As we know, the Prime Minister says that this underspend is because the NDIS is a demand based program and that there is just not the demand for the services. Well, that is complete and utter rubbish. It is completely ridiculous. It is not that there is less demand from Australians with disabilities; it's that they can't successfully navigate a system that has a whole lot of problems that bar them from accessing the services that they need.
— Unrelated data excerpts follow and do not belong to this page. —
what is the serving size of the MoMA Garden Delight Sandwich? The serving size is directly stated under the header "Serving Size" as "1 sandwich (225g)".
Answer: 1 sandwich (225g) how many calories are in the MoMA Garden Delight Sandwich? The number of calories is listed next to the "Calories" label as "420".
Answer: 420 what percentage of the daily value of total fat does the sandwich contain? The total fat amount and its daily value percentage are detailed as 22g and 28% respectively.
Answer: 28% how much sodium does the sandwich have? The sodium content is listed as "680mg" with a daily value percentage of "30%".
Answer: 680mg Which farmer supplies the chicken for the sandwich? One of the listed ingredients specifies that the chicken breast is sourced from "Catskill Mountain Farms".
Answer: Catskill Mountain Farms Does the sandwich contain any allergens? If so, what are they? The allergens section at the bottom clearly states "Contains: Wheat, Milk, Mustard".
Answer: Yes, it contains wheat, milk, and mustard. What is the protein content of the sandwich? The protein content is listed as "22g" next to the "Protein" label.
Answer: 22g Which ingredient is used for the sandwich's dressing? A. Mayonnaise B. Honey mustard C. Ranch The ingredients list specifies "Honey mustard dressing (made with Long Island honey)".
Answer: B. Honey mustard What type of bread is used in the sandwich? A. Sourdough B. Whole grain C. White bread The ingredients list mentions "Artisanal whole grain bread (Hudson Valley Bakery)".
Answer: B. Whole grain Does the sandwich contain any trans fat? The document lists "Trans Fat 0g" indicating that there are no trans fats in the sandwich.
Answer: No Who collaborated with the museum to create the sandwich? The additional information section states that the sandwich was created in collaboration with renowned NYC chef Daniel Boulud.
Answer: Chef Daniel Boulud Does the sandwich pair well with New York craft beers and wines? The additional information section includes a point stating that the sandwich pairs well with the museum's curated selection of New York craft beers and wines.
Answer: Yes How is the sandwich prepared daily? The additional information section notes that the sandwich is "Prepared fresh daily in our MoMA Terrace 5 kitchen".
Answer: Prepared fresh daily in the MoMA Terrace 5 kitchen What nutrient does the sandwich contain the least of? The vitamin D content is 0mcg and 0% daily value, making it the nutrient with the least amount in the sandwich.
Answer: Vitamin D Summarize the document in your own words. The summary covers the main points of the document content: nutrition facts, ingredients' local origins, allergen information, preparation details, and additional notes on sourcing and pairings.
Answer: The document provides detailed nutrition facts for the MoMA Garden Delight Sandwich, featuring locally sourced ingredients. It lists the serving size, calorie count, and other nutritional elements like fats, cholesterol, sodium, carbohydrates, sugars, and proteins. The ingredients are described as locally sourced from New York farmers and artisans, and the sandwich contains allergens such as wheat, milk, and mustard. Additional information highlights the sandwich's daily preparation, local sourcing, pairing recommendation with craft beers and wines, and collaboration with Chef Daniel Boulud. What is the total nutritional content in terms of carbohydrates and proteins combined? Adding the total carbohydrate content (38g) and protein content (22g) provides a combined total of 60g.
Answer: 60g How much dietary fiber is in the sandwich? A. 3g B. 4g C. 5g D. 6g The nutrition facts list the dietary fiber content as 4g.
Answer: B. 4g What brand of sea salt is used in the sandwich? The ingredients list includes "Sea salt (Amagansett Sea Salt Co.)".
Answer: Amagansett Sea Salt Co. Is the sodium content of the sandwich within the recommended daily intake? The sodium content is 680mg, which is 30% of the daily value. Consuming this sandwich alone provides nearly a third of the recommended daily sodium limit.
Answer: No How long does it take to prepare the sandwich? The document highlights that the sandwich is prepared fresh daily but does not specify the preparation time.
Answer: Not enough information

The demand is just not being met today, and there are far too many people who are having to go through hell and back to get access to the funds and services they need.

The NDIS is a great Labor initiative and we are proud of it, but it hasn't been implemented properly by this government. Let's take a look at the condition of the agency that is supposed to be administering the scheme. There is a real lack of representation and understanding of Australians with a lived experience of disability in the NDIA. A huge problem is the understaffing crisis, which is leading to longer wait times and less access to services because of the government's arbitrary and dangerous staffing cap. I do congratulate the disability activists and the Community and Public Sector Union for their advocacy in pushing the government to deal with this staffing cap and add 800 much-needed extra staff, but the NDIA remains chronically understaffed, and the government haven't removed the cap; they've just reset it. To top it all off, as we know, the NDIA was without a CEO for months, and it's seen an exodus of senior staff from its ranks. All of this is having a huge impact on the lives of the people who need assistance and services the most.
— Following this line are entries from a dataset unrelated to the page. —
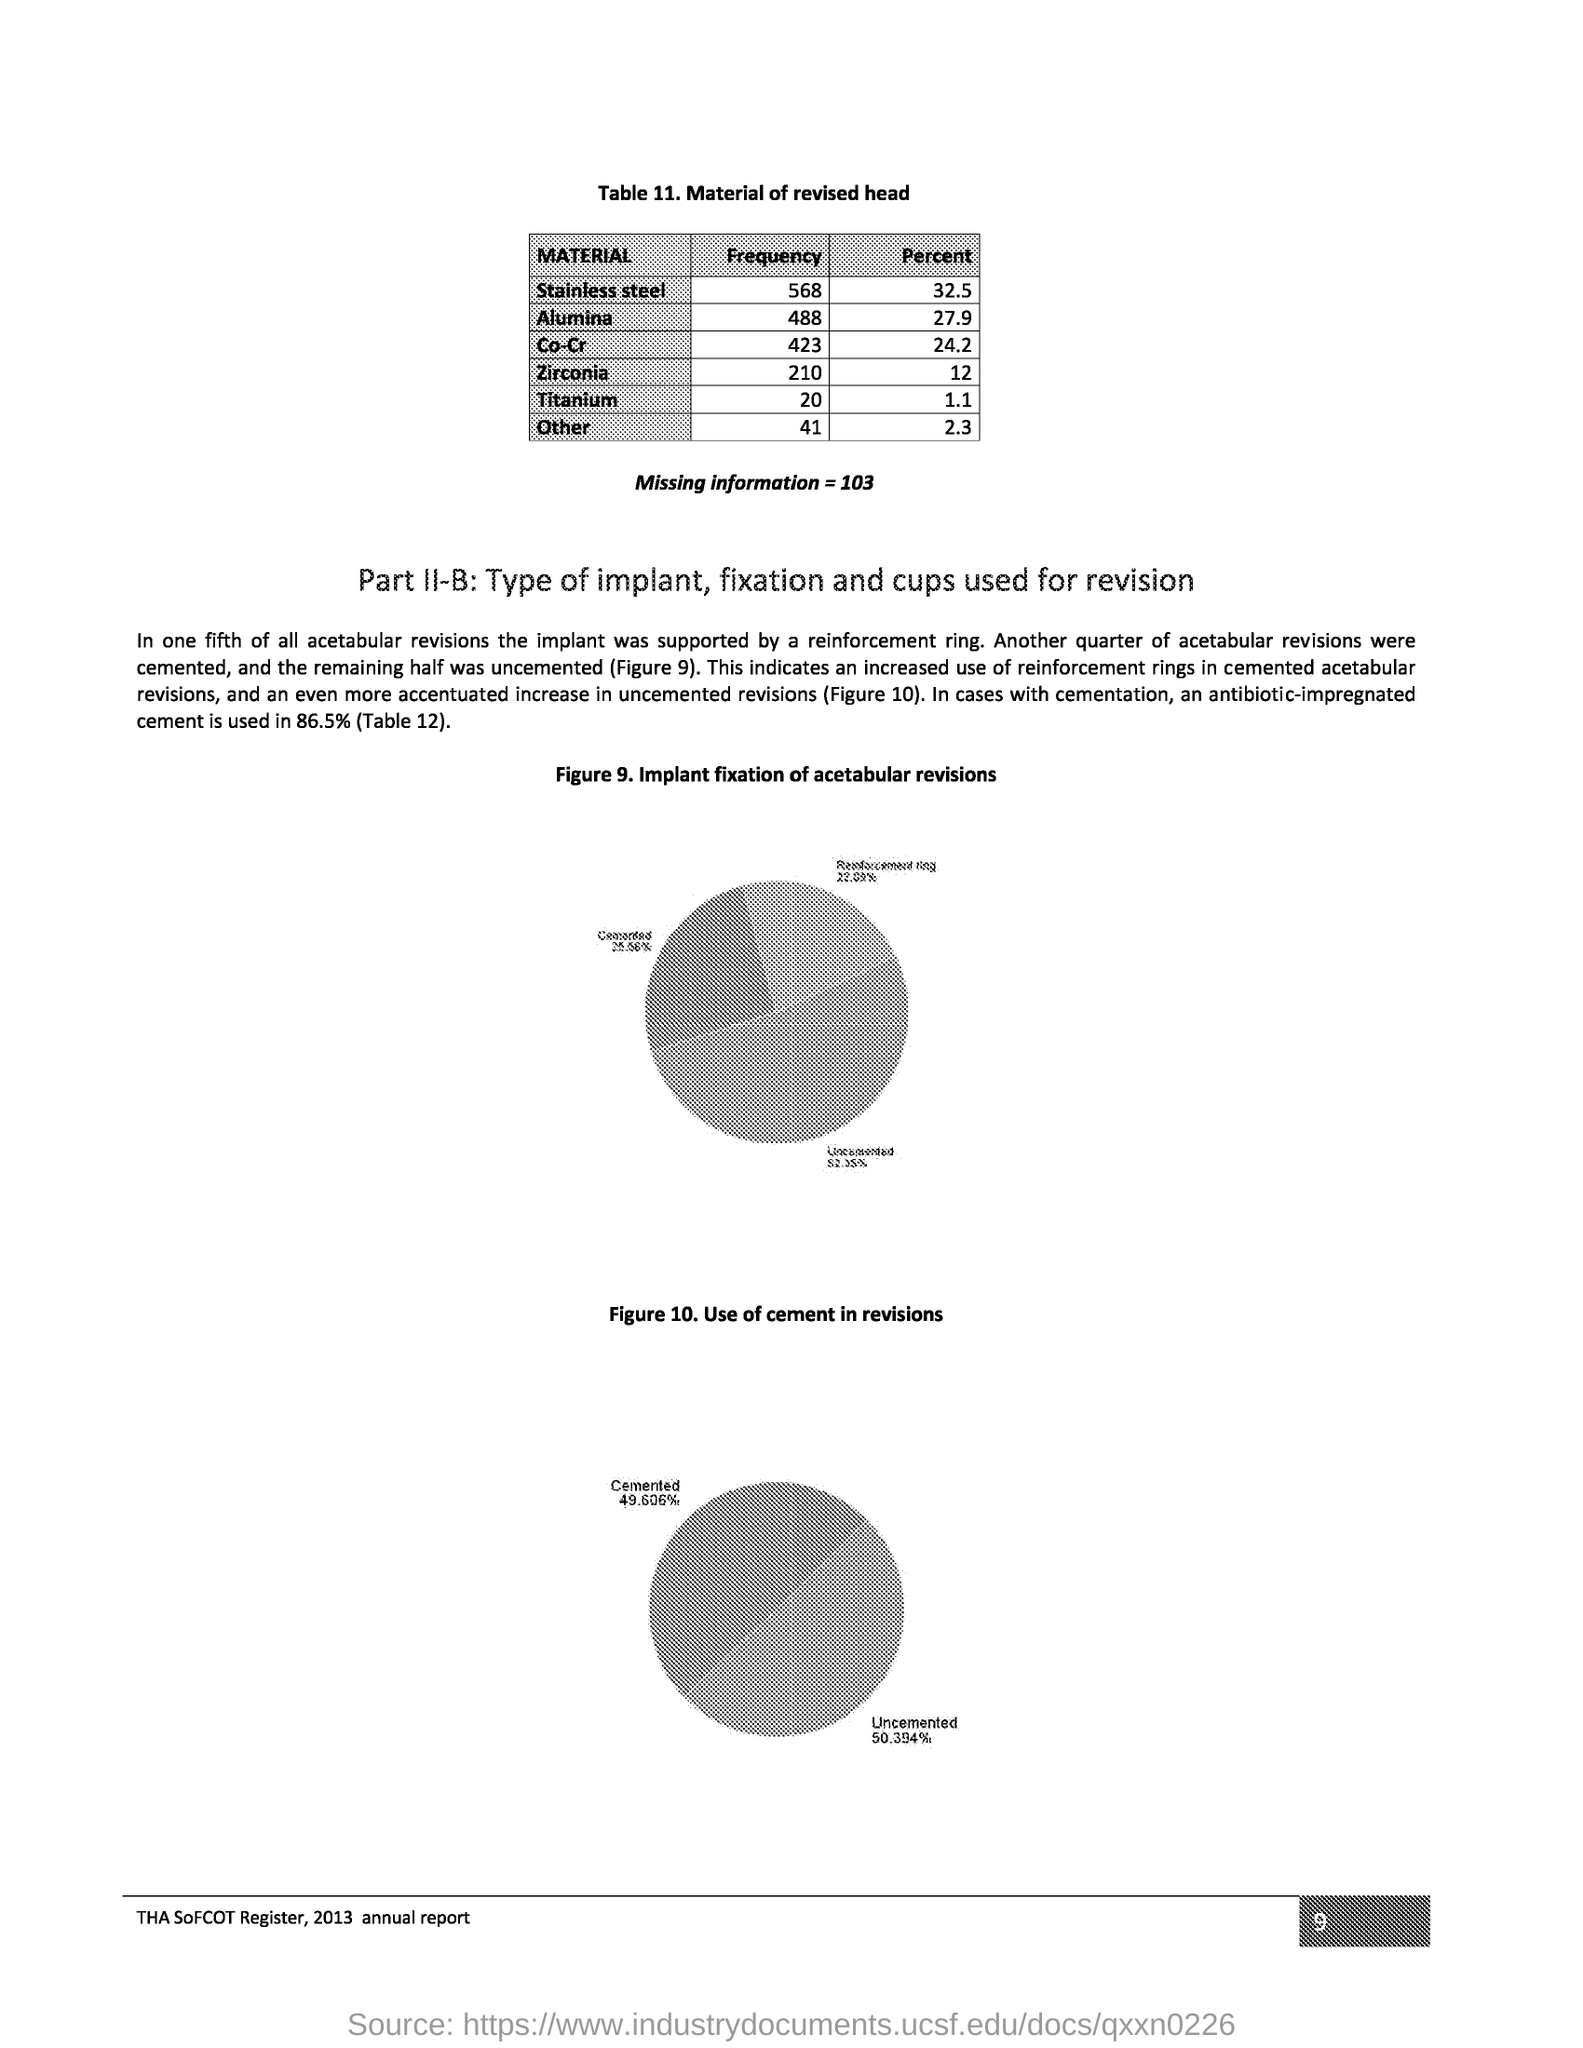What is the heading of Table 11?
Your answer should be compact. Material of revised head. What is the frequency of stainless steel?
Your response must be concise. 568. What is the percent of alumina?
Offer a terse response. 27.9. What is the title of figure 9?
Your answer should be very brief. Implant fixation of acetabular revisions. What was the implant supported by in one fifth of all acetabular revisions?
Ensure brevity in your answer.  A reinforcement ring. What is the percentage of an antibiotic-impregnated cement used?
Your answer should be compact. 86.5%. What is the percentage of cemented revisions as per figure 10?
Your answer should be very brief. 49.606%. What is the page number?
Offer a terse response. 9. It is the annual report of which year?
Offer a terse response. 2013.

While the government continues to turn a blind eye to the problems that are plaguing the NDIS today and tries to pretend that everything's fine and there's just no demand for the services, we are constantly hearing about the issues faced by those trying to get access, and everyone in this place is hearing these problems. I know that my office and the offices of my colleagues receive a nearly constant stream of requests for help from our constituents in dealing with the problems of the NDIS, but, through a lack of leadership, people are falling through the cracks as the rollout of the NDIS continues, and this is what we're hearing time and time again from those on the ground: the participants, the carers, the providers and the state and territory governments.

The stories of people who are contacting our offices and the stories that are featured in the media are incredibly upsetting. Can you imagine being permanently disabled but having to come in every year and prove it? Can you imagine having to get multiple therapists to provide proof because someone decided that one therapist's proof wasn't quite enough? How would it make you feel to go through that every year, often getting a different NDIS plan depending on which NDIS planner you see? There is very little consistency in this scheme, and navigating the system is an absolute nightmare for participants. Families are often asked to provide reports, and then there's a delay, and then the planner they've been seeing at the agency changes, and the new planner wants new information. They want to see everything again, and they decide that you don't qualify. You are then forced to appeal.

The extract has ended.